Model AI Assignment AAAI — RL for Combinatorial Structures

Summary	The goal in this assignment is to learn how to use reinforcement learning to construct combinatorial structures satisfying certain constraints.
Topics	Reinforcement learning, Cross-entropy method, Combinatorial Optimization
Audience	Beginners in Reinforcement Learning (RL) and people who are particularly interested in learning how to use RL for combinatorics.
Difficulty	Conceptually challenging and implementation may take over 15 hours. This will vary depending on mathematical maturity and programming skills. The core idea of using a neural network to learn a bit vector that maps to an optimal permutation requires a deep understanding of the entire system.

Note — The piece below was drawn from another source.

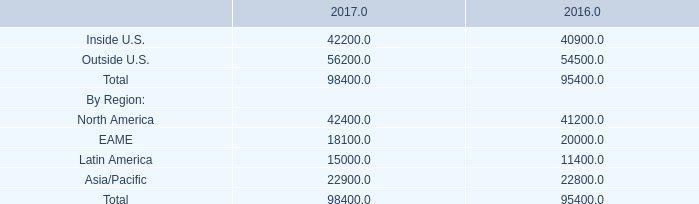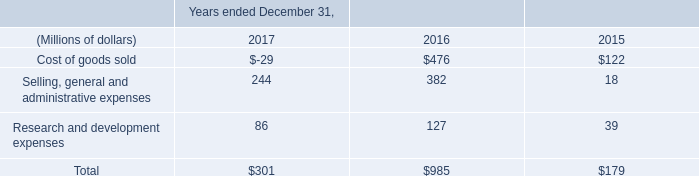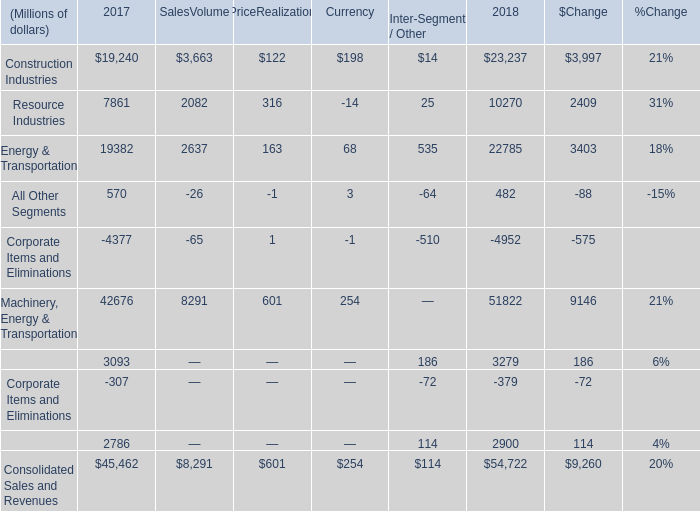What is the total amount of Outside U.S. of 2017, Resource Industries of SalesVolume, and Financial Products Revenues of 2018 ? 
Computations: ((56200.0 + 2082.0) + 2900.0)
Answer: 61182.0.

Strengths	The entire assignment can be run in a Google Colab environment without significant resources. The assignment forces thinking about suitable encoding and scoring function that accurately reflects the particular combinatorial situation, rather than blindly using RL. Since the objectives in the tasks are intuitive and conceptually simple, the performance of the algorithm is easily visible and therefore the effects of different choices are very clear. The tasks include sufficient variety in the combinatorial optimization problems, each requiring a different encoding and scoring approach.
Weaknesses	We are not suggesting changing the reinforcement learning algorithm. While that is a possibility, empirically, the cross-entropy method seems to be the most suitable. The assignment is therefore only about using a specific RL technique to discover combinatorial structures.
Dependencies	Requires knowledge of Adam Wagner’s work ( paper, code). The code requires Keras + Tensorflow + Python.
Variants	We have given two examples from simple combinatorics and two from Geometry, but one can easily find similar examples from Graph theory such as the degree–diameter problem.